Task input —
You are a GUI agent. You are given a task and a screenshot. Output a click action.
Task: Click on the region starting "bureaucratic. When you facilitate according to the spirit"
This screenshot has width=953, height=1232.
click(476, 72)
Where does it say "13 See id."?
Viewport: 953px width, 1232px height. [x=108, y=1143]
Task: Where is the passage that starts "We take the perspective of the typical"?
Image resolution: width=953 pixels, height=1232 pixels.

What needs to be done —
Everything in the data must be repeated exactly; leave no line out.

Solution for this exercise —
You are a GUI agent. You are given a task and a screenshot. Output a click action.
Task: Click on the region starting "bureaucratic. When you facilitate according to the spirit"
This screenshot has width=953, height=1232.
click(476, 72)
Where does it say "13 See id."?
Viewport: 953px width, 1232px height. [x=108, y=1143]
Task: Where is the passage that starts "We take the perspective of the typical"?
Image resolution: width=953 pixels, height=1232 pixels.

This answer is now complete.